Action item -> Every record below should be repeated exactly, with the pictures left out.

Stored dataset items:
═══
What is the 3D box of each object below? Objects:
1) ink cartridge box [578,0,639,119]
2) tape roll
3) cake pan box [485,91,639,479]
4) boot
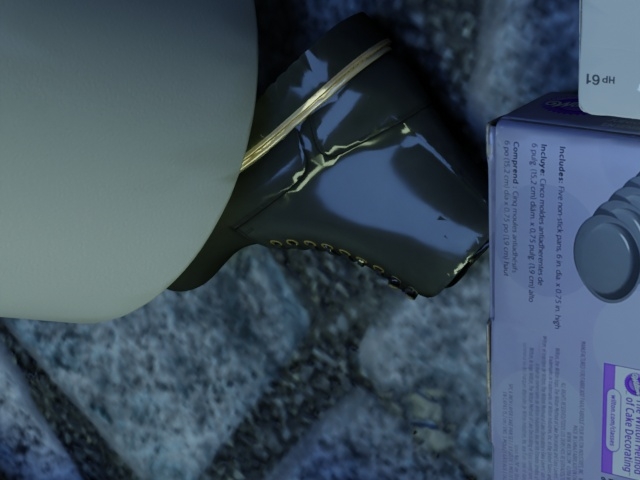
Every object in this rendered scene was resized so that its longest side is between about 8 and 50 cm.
[{"bbox_3d":[0.164,-0.081,0.587,0.089,0.122,0.052,10,112,32],"label":"ink cartridge box"},{"bbox_3d":[-0.173,-0.085,0.743,0.246,0.169,0.246,-8,79,44],"label":"tape roll"},{"bbox_3d":[0.195,0.079,0.659,0.246,0.070,0.266,9,112,33],"label":"cake pan box"},{"bbox_3d":[0.000,0.000,0.769,0.137,0.077,0.198,48,128,5],"label":"boot"}]
═══
Task output ->
What is the 3D box of each object below? Objects:
1) ink cartridge box [578,0,639,119]
2) tape roll
3) cake pan box [485,91,639,479]
4) boot
Every object in this rendered scene was resized so that its longest side is between about 8 and 50 cm.
[{"bbox_3d":[0.164,-0.081,0.587,0.089,0.122,0.052,10,112,32],"label":"ink cartridge box"},{"bbox_3d":[-0.173,-0.085,0.743,0.246,0.169,0.246,-8,79,44],"label":"tape roll"},{"bbox_3d":[0.195,0.079,0.659,0.246,0.070,0.266,9,112,33],"label":"cake pan box"},{"bbox_3d":[0.000,0.000,0.769,0.137,0.077,0.198,48,128,5],"label":"boot"}]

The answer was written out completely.